Source data -
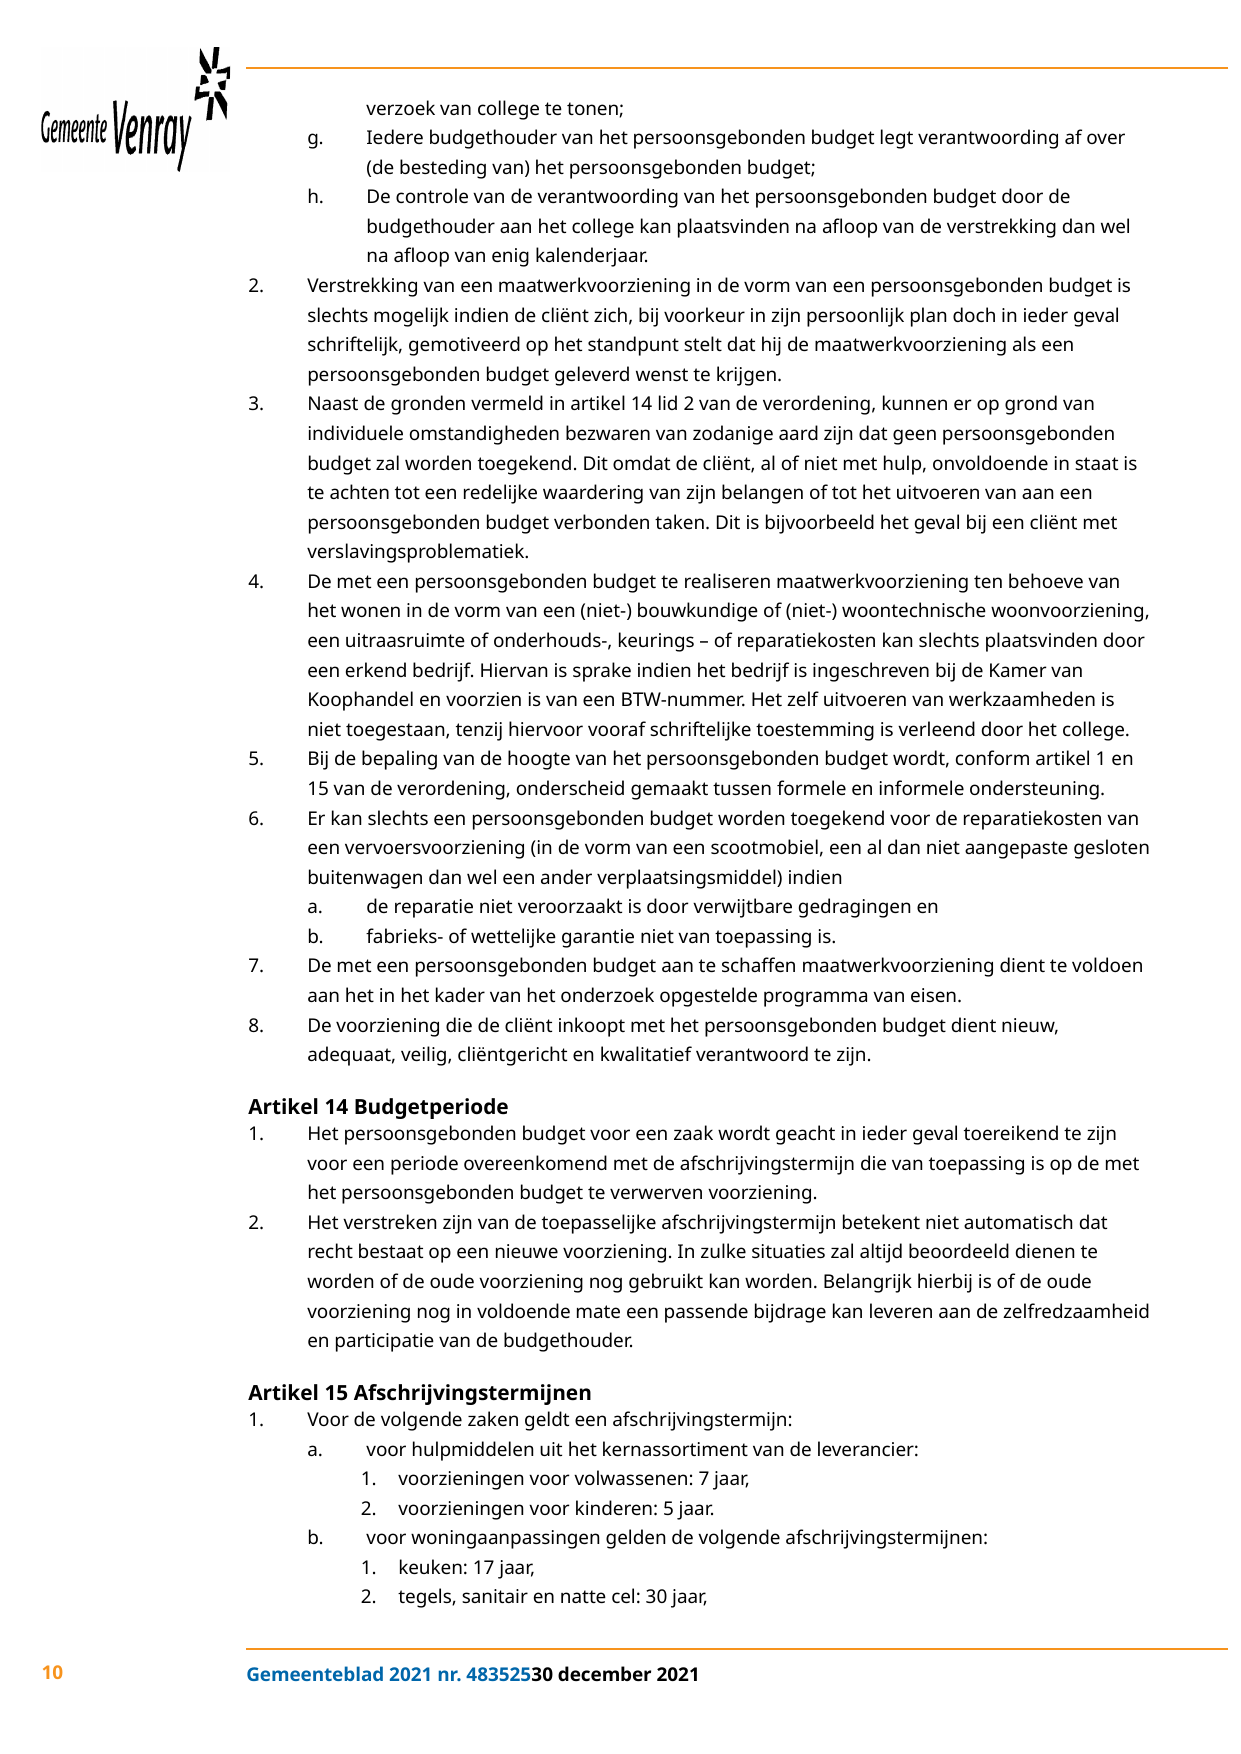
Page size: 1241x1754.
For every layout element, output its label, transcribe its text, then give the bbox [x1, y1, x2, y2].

list voor hulpmiddelen uit het kernassortiment van de leverancier: [307, 1436, 1152, 1462]
text Artikel 15 Afschrijvingstermijnen [248, 1378, 1152, 1406]
list Iedere budgethouder van het persoonsgebonden budget legt verantwoording af over (de besteding van) het persoonsgebonden budget; [307, 124, 1152, 180]
list tegels, sanitair en natte cel: 30 jaar, [361, 1584, 1152, 1609]
list voorzieningen voor kinderen: 5 jaar. [361, 1495, 1152, 1521]
list Naast de gronden vermeld in artikel 14 lid 2 van de verordening, kunnen er op grond van individuele omstandigheden bezwaren van zodanige aard zijn dat geen persoonsgebonden budget zal worden toegekend. Dit omdat de cliënt, al of niet met hulp, onvoldoende in staat is te achten tot een redelijke waardering van zijn belangen of tot het uitvoeren van aan een persoonsgebonden budget verbonden taken. Dit is bijvoorbeeld het geval bij een cliënt met verslavingsproblematiek. [248, 391, 1152, 564]
list De met een persoonsgebonden budget te realiseren maatwerkvoorziening ten behoeve van het wonen in de vorm van een (niet-) bouwkundige of (niet-) woontechnische woonvoorziening, een uitraasruimte of onderhouds-, keurings – of reparatiekosten kan slechts plaatsvinden door een erkend bedrijf. Hiervan is sprake indien het bedrijf is ingeschreven bij de Kamer van Koophandel en voorzien is van een BTW-nummer. Het zelf uitvoeren van werkzaamheden is niet toegestaan, tenzij hiervoor vooraf schriftelijke toestemming is verleend door het college. [248, 568, 1152, 742]
list verzoek van college te tonen; [307, 95, 1152, 121]
list fabrieks- of wettelijke garantie niet van toepassing is. [307, 923, 1152, 949]
list Voor de volgende zaken geldt een afschrijvingstermijn: [248, 1406, 1152, 1432]
list Er kan slechts een persoonsgebonden budget worden toegekend voor de reparatiekosten van een vervoersvoorziening (in de vorm van een scootmobiel, een al dan niet aangepaste gesloten buitenwagen dan wel een ander verplaatsingsmiddel) indien [248, 805, 1152, 890]
list keuken: 17 jaar, [361, 1554, 1152, 1580]
list de reparatie niet veroorzaakt is door verwijtbare gedragingen en [307, 893, 1152, 919]
list De controle van de verantwoording van het persoonsgebonden budget door de budgethouder aan het college kan plaatsvinden na afloop van de verstrekking dan wel na afloop van enig kalenderjaar. [307, 183, 1152, 268]
list voor woningaanpassingen gelden de volgende afschrijvingstermijnen: [307, 1524, 1152, 1550]
list Bij de bepaling van de hoogte van het persoonsgebonden budget wordt, conform artikel 1 en 15 van de verordening, onderscheid gemaakt tussen formele en informele ondersteuning. [248, 746, 1152, 801]
list Het persoonsgebonden budget voor een zaak wordt geacht in ieder geval toereikend te zijn voor een periode overeenkomend met de afschrijvingstermijn die van toepassing is op de met het persoonsgebonden budget te verwerven voorziening. [248, 1120, 1152, 1205]
text Artikel 14 Budgetperiode [248, 1092, 1152, 1120]
picture [41, 47, 231, 172]
list voorzieningen voor volwassenen: 7 jaar, [361, 1465, 1152, 1491]
list De met een persoonsgebonden budget aan te schaffen maatwerkvoorziening dient te voldoen aan het in het kader van het onderzoek opgestelde programma van eisen. [248, 953, 1152, 1008]
list Verstrekking van een maatwerkvoorziening in de vorm van een persoonsgebonden budget is slechts mogelijk indien de cliënt zich, bij voorkeur in zijn persoonlijk plan doch in ieder geval schriftelijk, gemotiveerd op het standpunt stelt dat hij de maatwerkvoorziening als een persoonsgebonden budget geleverd wenst te krijgen. [248, 272, 1152, 387]
list De voorziening die de cliënt inkoopt met het persoonsgebonden budget dient nieuw, adequaat, veilig, cliëntgericht en kwalitatief verantwoord te zijn. [248, 1012, 1152, 1067]
list Het verstreken zijn van de toepasselijke afschrijvingstermijn betekent niet automatisch dat recht bestaat op een nieuwe voorziening. In zulke situaties zal altijd beoordeeld dienen te worden of de oude voorziening nog gebruikt kan worden. Belangrijk hierbij is of de oude voorziening nog in voldoende mate een passende bijdrage kan leveren aan de zelfredzaamheid en participatie van de budgethouder. [248, 1209, 1152, 1353]
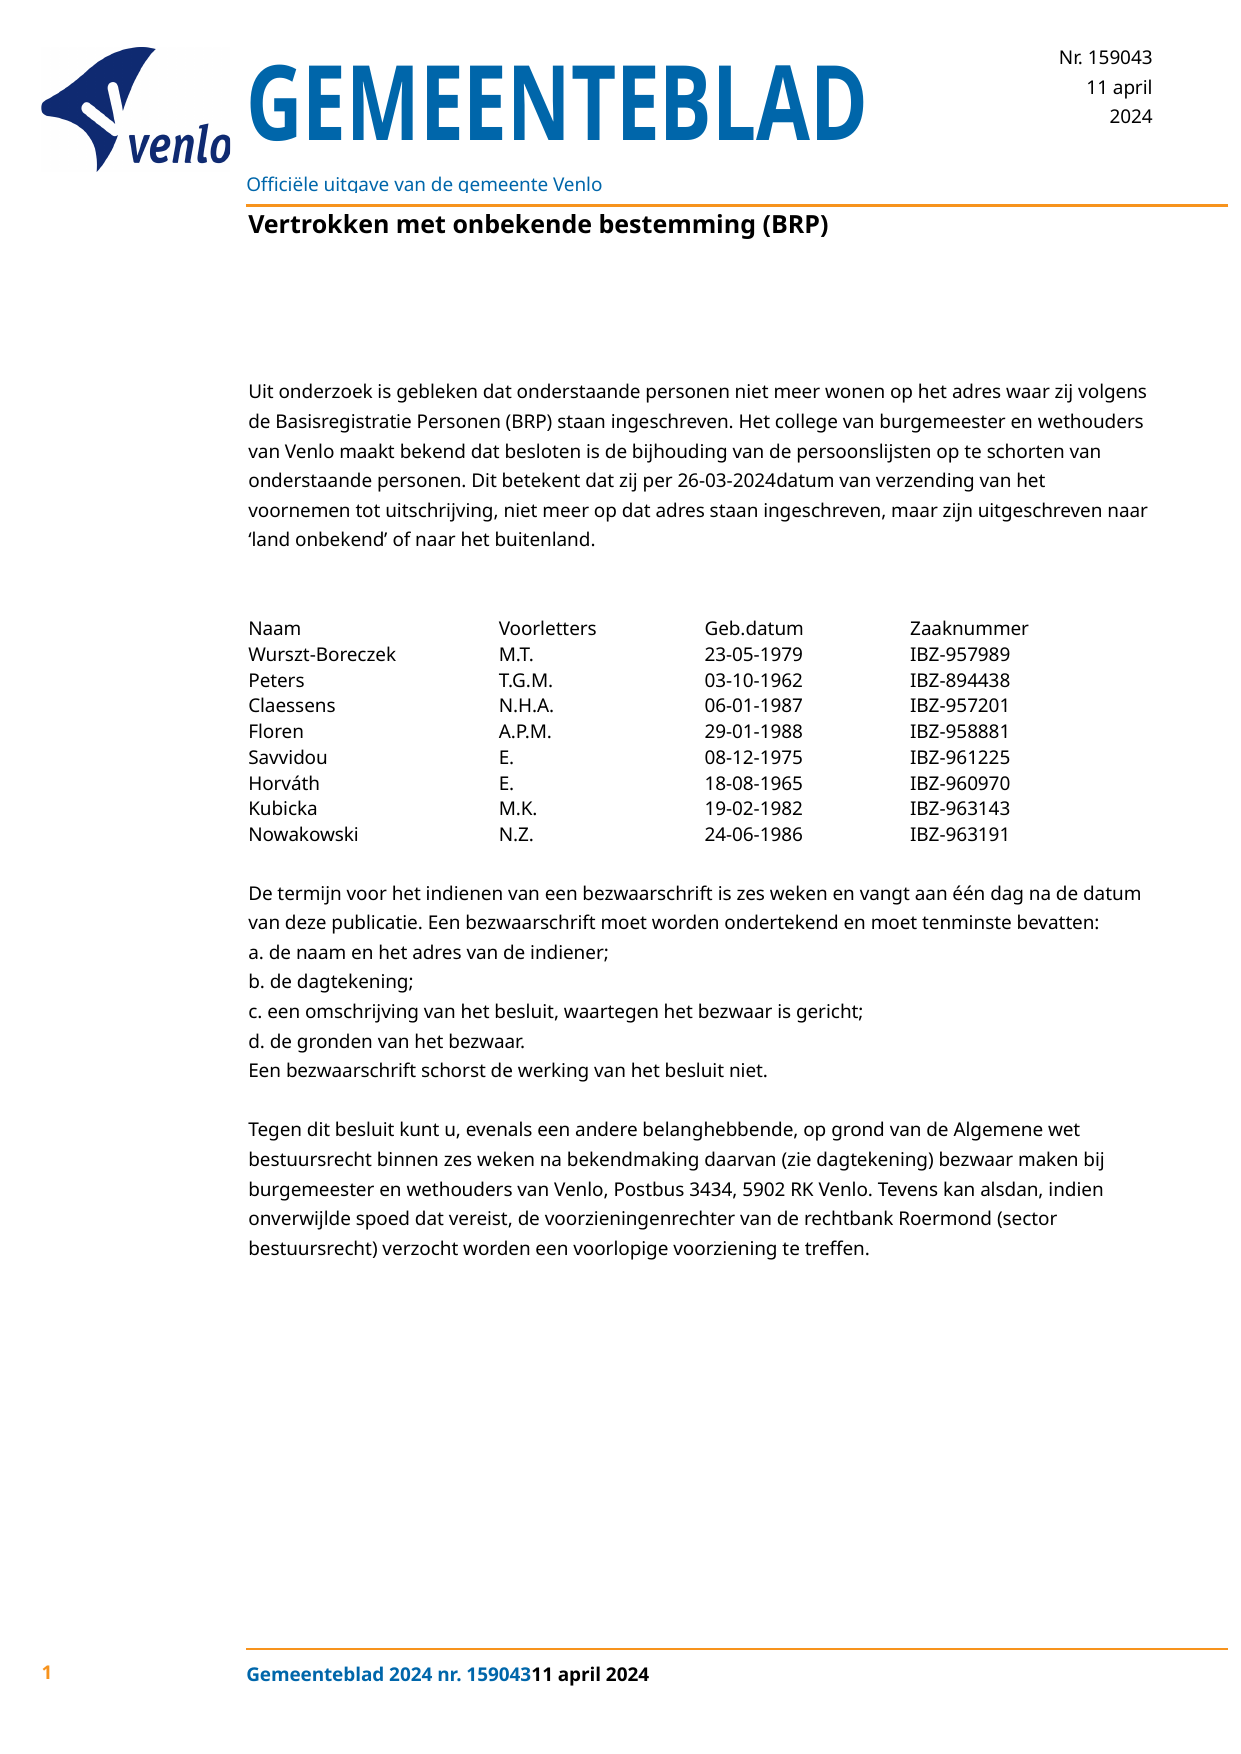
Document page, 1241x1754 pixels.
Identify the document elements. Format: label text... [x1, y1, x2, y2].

table_header Naam [248, 616, 498, 641]
text d. de gronden van het bezwaar. [248, 1028, 1152, 1053]
table_cell 03-10-1962 [704, 667, 910, 693]
picture [41, 47, 231, 172]
table_cell N.Z. [499, 821, 704, 847]
table_cell 19-02-1982 [704, 796, 910, 821]
table_cell IBZ-957989 [910, 641, 1152, 667]
table_header Voorletters [499, 616, 704, 641]
text a. de naam en het adres van de indiener; [248, 939, 1152, 965]
table_cell E. [499, 744, 704, 770]
table_cell M.T. [499, 641, 704, 667]
table_cell M.K. [499, 796, 704, 821]
table_cell Nowakowski [248, 821, 498, 847]
table_cell N.H.A. [499, 693, 704, 718]
table_cell 18-08-1965 [704, 770, 910, 796]
table_cell IBZ-894438 [910, 667, 1152, 693]
table_cell IBZ-960970 [910, 770, 1152, 796]
table_cell Savvidou [248, 744, 498, 770]
table_cell A.P.M. [499, 719, 704, 744]
table_cell Peters [248, 667, 498, 693]
table_cell E. [499, 770, 704, 796]
table_cell IBZ-961225 [910, 744, 1152, 770]
table_cell 23-05-1979 [704, 641, 910, 667]
text Vertrokken met onbekende bestemming (BRP) [248, 207, 1152, 241]
table_cell Claessens [248, 693, 498, 718]
table_cell T.G.M. [499, 667, 704, 693]
text De termijn voor het indienen van een bezwaarschrift is zes weken en vangt aan één dag na de datum van deze publicatie. Een bezwaarschrift moet worden ondertekend en moet tenminste bevatten: [248, 880, 1152, 935]
table_cell IBZ-958881 [910, 719, 1152, 744]
table_cell 29-01-1988 [704, 719, 910, 744]
text b. de dagtekening; [248, 969, 1152, 994]
text Tegen dit besluit kunt u, evenals een andere belanghebbende, op grond van de Algemene wet bestuursrecht binnen zes weken na bekendmaking daarvan (zie dagtekening) bezwaar maken bij burgemeester en wethouders van Venlo, Postbus 3434, 5902 RK Venlo. Tevens kan alsdan, indien onverwijlde spoed dat vereist, de voorzieningenrechter van de rechtbank Roermond (sector bestuursrecht) verzocht worden een voorlopige voorziening te treffen. [248, 1117, 1152, 1261]
table_cell Kubicka [248, 796, 498, 821]
table_header Geb.datum [704, 616, 910, 641]
table_cell Horváth [248, 770, 498, 796]
text c. een omschrijving van het besluit, waartegen het bezwaar is gericht; [248, 998, 1152, 1024]
text Uit onderzoek is gebleken dat onderstaande personen niet meer wonen op het adres waar zij volgens de Basisregistratie Personen (BRP) staan ingeschreven. Het college van burgemeester en wethouders van Venlo maakt bekend dat besloten is de bijhouding van de persoonslijsten op te schorten van onderstaande personen. Dit betekent dat zij per 26-03-2024datum van verzending van het voornemen tot uitschrijving, niet meer op dat adres staan ingeschreven, maar zijn uitgeschreven naar ‘land onbekend’ of naar het buitenland. [248, 379, 1152, 552]
table_cell 24-06-1986 [704, 821, 910, 847]
table_cell Wurszt-Boreczek [248, 641, 498, 667]
table_cell 08-12-1975 [704, 744, 910, 770]
table_cell IBZ-963143 [910, 796, 1152, 821]
table_cell 06-01-1987 [704, 693, 910, 718]
table_cell IBZ-957201 [910, 693, 1152, 718]
table_cell IBZ-963191 [910, 821, 1152, 847]
text Een bezwaarschrift schorst de werking van het besluit niet. [248, 1057, 1152, 1083]
table_header Zaaknummer [910, 616, 1152, 641]
table_cell Floren [248, 719, 498, 744]
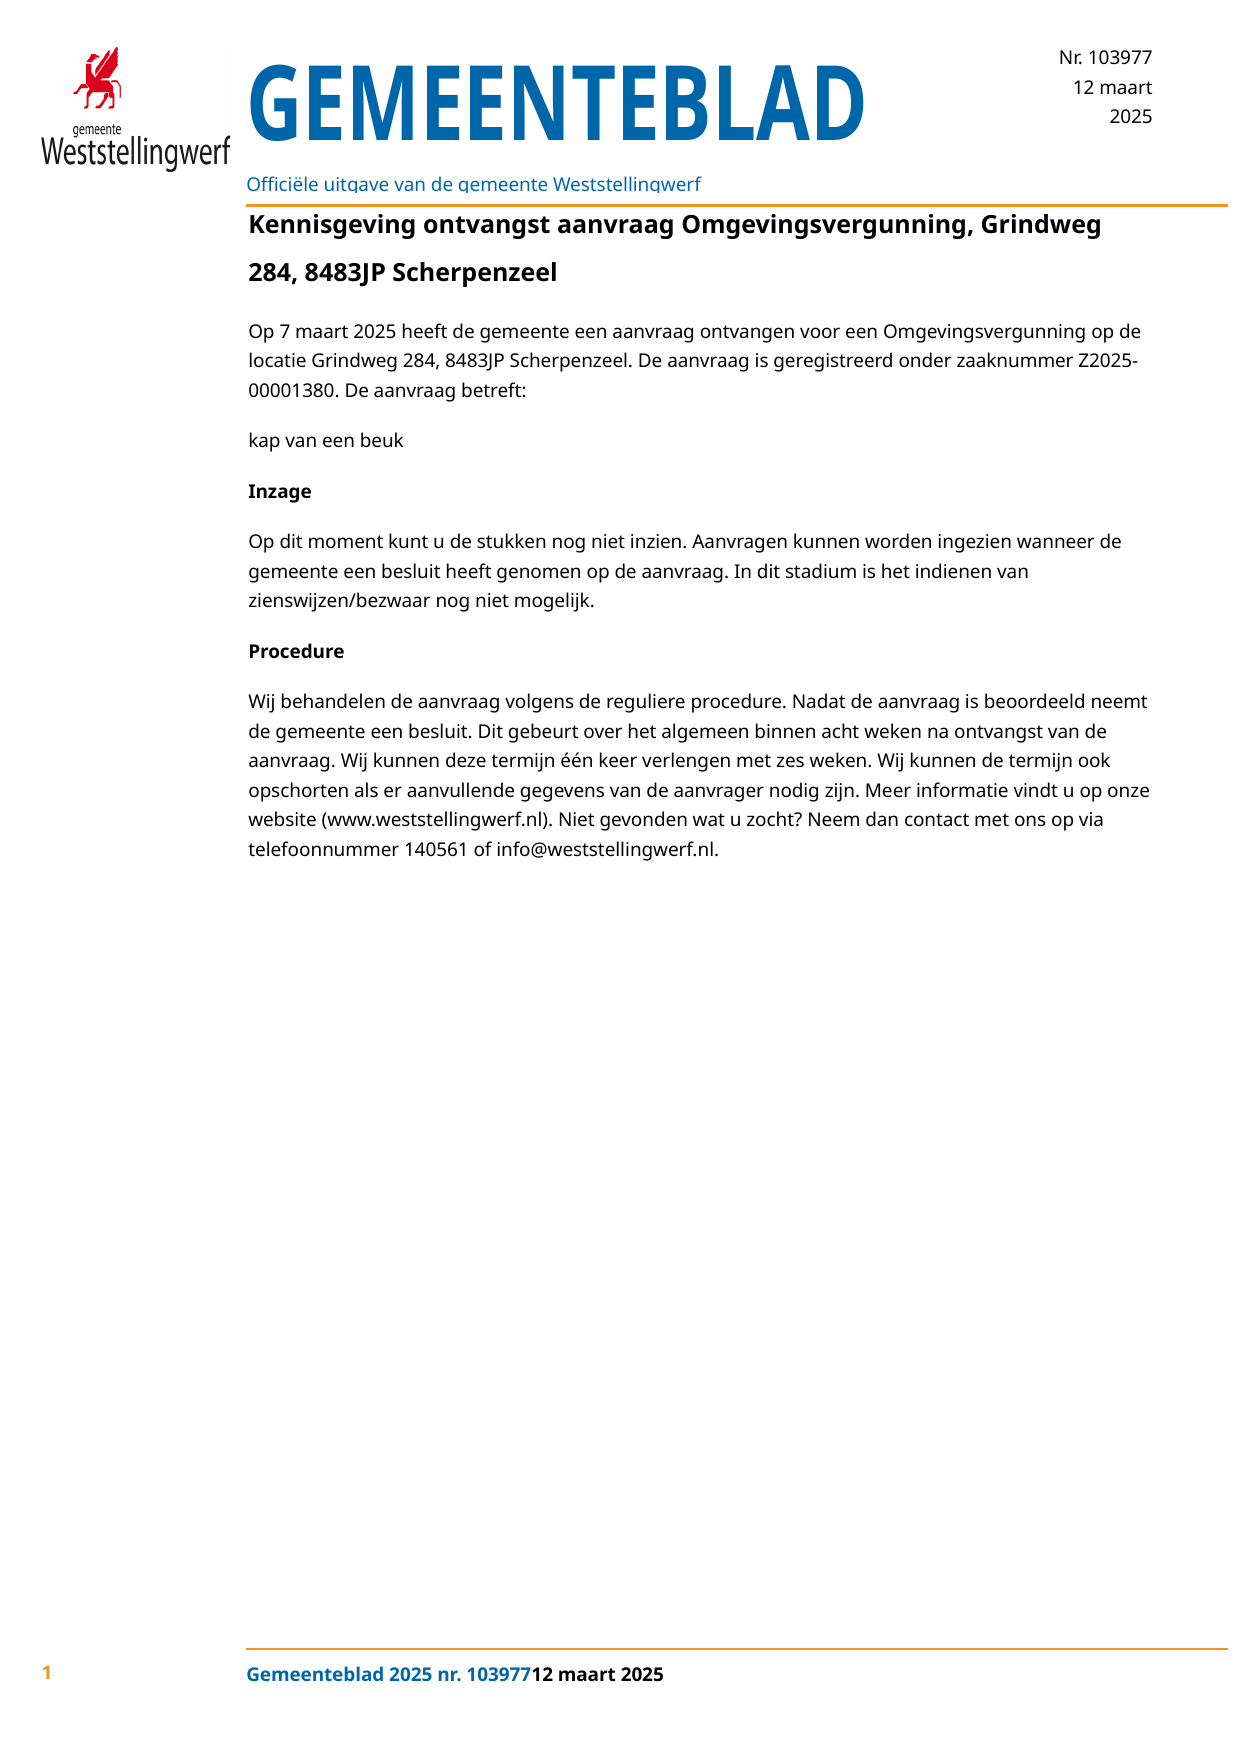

What to work on - Using the records above, set down exactly the lines from the one with "table_cell 24-06-1986 [704, 821, 910, 847]" through the one with "text Een bezwaarschrift", inclusive, and nothing more.

Expected answer -
table_cell 24-06-1986 [704, 821, 910, 847]
table_cell Wurszt-Boreczek [248, 641, 498, 667]
table_cell 08-12-1975 [704, 744, 910, 770]
table_cell IBZ-963143 [910, 796, 1152, 821]
table_cell 06-01-1987 [704, 693, 910, 718]
table_cell IBZ-957201 [910, 693, 1152, 718]
table_cell IBZ-963191 [910, 821, 1152, 847]
text Een bezwaarschrift schorst de werking van het besluit niet. [248, 1057, 1152, 1083]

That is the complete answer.